The Globe analyzed the career paths of 750 of the highest ranking generals and admirals who retired during the last two decades and found that, for most, moving into what many in Washington call the “rent-a-general’’ business is all but irresistible.

From 2004 through 2008, 80 percent of retiring three- and four-star officers went to work as consultants or defense executives, according to the Globe analysis. That compares with less than 50 percent who followed that path a decade earlier, from 1994 to 1998.

In some years, the move from general staff to industry is a virtual clean sweep. Thirty-four out of 39 three- and four-star generals and admirals who retired in 2007 are now working in defense roles — nearly 90 percent.

If you're worried America teeters on the brink of banana-republican decadence, worry about this. These days, old soldiers never fade away, they just pull down seven-figure salaries from General Dynamics. Reading this piece—and please do read it—the outrageousness of ex-generals raking in ungodly sums hawking war machines to their junior ex-colleagues becomes so vivid, one naturally wonders why it is so little remarked upon by the guardians of the public interest. James Fallows takes a crack at it:

So a problem that's been recognized for at least half a century seems to have become worse than ever—and yet it's not discussed at all by politicians and rarely in the press. I think this has something to do with the distortions of the "narrow sliver of the population" era of the American military. As SecDef Gates and countless others have pointed out, the whole American nation is in no sense "at war," but the minority who serve (again and again) in Afghanistan, Iraq, and elsewhere most definitely have been, for years. Some background sense of unease or guilt may make it harder for politicians to do more than compete in saying that they "support the troops."

I think there much to be said for this, but there's got to be more to the story. America's drawn-out wars abroad are stupendously expensive. The stupendous expense of course attracts profit-seeking firms rather like sharks to blood. And the wars are so drawn out in part because, as Mr Fallows and Robert Gates suggest, there's nothing concrete at stake for most Americans. Like the hum of an air conditioner, after a while, one simply stops noticing the wars are there, much less that many billions of taxpayer dollars are thereby making some private citizens immensely rich.
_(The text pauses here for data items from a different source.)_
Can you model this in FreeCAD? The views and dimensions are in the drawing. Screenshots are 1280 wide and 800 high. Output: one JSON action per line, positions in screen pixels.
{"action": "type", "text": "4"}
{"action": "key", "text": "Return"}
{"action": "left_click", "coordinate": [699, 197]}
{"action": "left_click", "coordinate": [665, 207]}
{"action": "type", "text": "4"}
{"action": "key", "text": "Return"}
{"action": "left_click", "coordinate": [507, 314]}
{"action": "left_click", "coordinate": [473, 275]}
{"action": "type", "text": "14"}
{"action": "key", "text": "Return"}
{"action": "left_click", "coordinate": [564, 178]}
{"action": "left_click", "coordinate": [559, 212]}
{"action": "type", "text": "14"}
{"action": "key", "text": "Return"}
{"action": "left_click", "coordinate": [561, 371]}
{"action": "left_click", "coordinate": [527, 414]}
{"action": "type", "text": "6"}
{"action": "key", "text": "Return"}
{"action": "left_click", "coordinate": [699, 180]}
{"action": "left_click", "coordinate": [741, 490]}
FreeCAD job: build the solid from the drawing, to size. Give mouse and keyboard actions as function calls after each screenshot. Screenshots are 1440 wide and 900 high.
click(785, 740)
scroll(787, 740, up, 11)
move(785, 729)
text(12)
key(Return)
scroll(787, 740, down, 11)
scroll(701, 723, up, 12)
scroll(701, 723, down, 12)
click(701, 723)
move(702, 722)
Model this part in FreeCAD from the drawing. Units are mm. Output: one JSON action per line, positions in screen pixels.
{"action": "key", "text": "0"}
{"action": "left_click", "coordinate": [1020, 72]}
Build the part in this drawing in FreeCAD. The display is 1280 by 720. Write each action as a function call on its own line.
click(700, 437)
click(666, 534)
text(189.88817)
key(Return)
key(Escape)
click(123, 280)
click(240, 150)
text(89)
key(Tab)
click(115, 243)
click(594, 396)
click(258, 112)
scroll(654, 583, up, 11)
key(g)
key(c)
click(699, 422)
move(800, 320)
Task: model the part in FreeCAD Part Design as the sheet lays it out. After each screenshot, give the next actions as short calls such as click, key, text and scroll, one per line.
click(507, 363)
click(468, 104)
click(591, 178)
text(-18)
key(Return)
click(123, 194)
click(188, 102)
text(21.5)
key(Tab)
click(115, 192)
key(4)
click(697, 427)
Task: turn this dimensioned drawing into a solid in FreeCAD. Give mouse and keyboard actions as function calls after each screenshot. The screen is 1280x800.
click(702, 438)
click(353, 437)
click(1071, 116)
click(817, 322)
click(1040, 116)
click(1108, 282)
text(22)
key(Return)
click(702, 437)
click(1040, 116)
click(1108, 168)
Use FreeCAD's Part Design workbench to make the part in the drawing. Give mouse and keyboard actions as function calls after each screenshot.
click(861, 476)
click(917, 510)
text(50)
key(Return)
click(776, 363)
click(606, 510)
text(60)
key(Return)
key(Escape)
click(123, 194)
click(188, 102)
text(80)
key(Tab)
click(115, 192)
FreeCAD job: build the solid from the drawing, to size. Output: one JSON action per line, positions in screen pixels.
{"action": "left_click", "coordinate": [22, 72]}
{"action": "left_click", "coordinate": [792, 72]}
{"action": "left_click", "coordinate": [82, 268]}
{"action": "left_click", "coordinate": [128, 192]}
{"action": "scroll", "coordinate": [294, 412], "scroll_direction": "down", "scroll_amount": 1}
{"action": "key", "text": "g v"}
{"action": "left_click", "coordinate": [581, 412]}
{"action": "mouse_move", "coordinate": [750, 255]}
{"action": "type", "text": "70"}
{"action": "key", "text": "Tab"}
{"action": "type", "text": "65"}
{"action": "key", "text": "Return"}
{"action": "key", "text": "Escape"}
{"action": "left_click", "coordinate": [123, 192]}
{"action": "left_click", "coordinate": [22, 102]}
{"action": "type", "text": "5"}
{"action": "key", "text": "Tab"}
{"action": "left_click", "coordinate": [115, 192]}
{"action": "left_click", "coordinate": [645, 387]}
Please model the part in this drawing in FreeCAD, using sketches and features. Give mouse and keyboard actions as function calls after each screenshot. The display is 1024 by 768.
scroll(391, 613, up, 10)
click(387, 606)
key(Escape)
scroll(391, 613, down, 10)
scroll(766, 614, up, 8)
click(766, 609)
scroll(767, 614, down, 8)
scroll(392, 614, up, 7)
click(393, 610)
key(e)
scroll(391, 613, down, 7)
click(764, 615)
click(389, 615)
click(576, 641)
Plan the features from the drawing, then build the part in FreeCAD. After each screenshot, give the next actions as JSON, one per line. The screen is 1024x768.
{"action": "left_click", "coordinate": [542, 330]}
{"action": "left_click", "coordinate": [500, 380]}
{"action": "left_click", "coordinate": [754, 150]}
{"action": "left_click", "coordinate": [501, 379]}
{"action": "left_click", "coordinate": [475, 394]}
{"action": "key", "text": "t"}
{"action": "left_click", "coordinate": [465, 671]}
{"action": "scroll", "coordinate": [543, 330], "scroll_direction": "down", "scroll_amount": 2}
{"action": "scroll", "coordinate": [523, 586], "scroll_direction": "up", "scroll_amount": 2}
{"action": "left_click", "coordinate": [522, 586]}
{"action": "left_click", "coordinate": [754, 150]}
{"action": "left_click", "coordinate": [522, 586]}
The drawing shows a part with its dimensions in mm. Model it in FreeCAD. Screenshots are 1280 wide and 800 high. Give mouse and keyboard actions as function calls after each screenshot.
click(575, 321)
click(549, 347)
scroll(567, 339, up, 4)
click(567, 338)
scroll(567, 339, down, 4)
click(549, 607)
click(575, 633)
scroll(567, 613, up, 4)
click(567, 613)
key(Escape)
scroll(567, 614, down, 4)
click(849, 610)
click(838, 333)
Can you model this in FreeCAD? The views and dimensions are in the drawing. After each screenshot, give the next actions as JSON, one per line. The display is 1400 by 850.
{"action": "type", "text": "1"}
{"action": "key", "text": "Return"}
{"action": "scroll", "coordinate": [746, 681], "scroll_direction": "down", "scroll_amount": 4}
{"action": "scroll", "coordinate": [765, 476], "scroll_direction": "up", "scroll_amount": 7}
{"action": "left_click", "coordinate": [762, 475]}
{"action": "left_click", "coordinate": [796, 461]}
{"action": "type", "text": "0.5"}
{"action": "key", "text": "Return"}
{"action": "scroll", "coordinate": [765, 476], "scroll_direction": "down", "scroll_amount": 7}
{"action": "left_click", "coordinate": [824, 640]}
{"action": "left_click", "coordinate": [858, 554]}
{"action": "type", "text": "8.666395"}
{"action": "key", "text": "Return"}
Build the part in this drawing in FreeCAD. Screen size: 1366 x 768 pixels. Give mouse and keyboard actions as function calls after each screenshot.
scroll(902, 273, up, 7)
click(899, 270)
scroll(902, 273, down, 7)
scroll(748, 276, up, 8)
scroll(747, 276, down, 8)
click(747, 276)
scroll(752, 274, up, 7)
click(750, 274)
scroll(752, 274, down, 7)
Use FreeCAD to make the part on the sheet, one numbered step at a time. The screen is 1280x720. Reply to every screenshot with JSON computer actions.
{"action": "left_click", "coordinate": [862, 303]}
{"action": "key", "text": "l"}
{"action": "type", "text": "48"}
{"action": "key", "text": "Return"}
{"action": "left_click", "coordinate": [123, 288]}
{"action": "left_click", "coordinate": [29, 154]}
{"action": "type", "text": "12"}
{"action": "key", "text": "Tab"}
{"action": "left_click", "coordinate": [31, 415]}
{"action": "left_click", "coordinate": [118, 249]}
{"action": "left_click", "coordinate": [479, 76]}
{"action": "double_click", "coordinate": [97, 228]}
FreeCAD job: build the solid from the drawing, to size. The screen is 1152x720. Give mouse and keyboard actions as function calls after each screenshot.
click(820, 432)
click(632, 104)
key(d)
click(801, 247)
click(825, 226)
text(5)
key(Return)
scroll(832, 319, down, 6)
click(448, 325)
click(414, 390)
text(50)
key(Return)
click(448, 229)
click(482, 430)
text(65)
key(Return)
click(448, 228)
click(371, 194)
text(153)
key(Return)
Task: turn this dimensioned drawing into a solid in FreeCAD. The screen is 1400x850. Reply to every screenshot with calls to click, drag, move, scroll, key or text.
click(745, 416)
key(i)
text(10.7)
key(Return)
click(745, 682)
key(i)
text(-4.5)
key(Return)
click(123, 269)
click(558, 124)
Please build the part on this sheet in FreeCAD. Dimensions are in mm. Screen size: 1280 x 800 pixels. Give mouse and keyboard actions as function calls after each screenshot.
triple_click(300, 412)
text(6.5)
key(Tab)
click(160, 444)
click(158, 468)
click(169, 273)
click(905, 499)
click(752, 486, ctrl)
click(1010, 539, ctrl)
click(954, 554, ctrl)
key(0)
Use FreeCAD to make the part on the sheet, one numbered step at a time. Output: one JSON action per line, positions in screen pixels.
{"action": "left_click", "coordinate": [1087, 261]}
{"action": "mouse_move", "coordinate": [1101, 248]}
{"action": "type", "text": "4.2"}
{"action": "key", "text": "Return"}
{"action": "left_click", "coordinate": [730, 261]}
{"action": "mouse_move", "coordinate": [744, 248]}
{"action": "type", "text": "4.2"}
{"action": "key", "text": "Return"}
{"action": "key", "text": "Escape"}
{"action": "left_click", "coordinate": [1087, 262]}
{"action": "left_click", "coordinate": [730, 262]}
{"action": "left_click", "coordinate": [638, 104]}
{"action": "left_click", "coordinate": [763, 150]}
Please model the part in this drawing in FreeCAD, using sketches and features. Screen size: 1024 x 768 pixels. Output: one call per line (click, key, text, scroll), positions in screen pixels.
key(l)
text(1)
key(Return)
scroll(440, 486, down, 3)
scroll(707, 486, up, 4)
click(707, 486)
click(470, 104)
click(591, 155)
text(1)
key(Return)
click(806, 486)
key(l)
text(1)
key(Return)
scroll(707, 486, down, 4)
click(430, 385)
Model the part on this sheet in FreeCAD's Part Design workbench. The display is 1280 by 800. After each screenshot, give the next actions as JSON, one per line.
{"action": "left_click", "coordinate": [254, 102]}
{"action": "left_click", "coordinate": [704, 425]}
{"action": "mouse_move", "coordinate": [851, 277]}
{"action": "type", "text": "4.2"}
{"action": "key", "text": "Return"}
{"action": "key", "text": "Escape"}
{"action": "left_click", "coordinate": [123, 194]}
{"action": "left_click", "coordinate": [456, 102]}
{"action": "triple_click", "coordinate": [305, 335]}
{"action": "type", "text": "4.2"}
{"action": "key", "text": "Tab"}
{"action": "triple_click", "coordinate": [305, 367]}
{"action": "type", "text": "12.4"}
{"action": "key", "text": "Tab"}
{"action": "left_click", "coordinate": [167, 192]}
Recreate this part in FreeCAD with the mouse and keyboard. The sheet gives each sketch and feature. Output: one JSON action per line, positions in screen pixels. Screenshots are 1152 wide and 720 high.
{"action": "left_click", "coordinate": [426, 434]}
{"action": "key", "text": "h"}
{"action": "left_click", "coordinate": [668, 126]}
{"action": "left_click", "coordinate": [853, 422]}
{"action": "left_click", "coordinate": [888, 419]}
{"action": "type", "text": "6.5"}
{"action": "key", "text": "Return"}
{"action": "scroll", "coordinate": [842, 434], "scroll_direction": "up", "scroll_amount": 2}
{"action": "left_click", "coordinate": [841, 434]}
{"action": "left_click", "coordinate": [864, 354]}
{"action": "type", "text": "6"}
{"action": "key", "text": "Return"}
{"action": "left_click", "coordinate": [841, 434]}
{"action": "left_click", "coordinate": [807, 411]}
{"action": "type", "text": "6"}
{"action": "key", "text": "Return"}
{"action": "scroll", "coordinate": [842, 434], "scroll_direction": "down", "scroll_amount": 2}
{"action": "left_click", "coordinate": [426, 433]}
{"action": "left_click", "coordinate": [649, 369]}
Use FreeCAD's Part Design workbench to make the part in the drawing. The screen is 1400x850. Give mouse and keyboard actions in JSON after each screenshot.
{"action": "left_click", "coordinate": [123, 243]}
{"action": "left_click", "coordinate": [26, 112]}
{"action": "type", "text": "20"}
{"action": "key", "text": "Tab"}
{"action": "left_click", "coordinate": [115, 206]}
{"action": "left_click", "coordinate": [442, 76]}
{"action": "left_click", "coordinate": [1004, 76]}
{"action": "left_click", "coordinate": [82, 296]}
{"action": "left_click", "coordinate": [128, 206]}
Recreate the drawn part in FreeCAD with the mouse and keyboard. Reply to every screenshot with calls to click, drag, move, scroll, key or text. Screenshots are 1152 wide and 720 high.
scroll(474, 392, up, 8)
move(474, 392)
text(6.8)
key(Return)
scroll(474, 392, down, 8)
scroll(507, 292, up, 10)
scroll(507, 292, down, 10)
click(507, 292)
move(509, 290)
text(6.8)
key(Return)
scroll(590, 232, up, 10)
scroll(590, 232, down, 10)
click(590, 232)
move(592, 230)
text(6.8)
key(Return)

However, I don't think we ought to overlook the extent to which the rise of military corporatism (or is it corporatist militarism?) has been helped by the public-relations victories of the ideological advocates of American supremacy at Fox News, the Weekly Standard, and the Washington Post op-ed page. Among those victories is the close connection in the public mind between support for America's wars—for American military might in general—and American patriotism. That's why we don't much see putatively limited-government tea partiers decrying the relationship of symbiotic parasitism between arms makers and the war-making state. As the first of Glenn Beck's nine principles puts it, "America is good". So America's wars are ipso facto good wars. And, heck, if we need new armoured ground vehicles to win our good wars, don't we want experienced men—old soldiers who really know what they're talking about—levelling the sales pitch to the officers who rose to fill their vacated combat boots?

Of course, patriotism is practically made to be co-opted in this way, which is why I'm against it. It tends toward a potent and inescapable form of political correctness that subtly and not-so-subtly discourages journalists and other opinion-makers from taking up the muck-rake against past and present "heroes" in uniform. That's why articles such as Mr Bender's are so rare, and deserve to be read and praised, even when they emerge only in our unwon wars' unpopular latter days.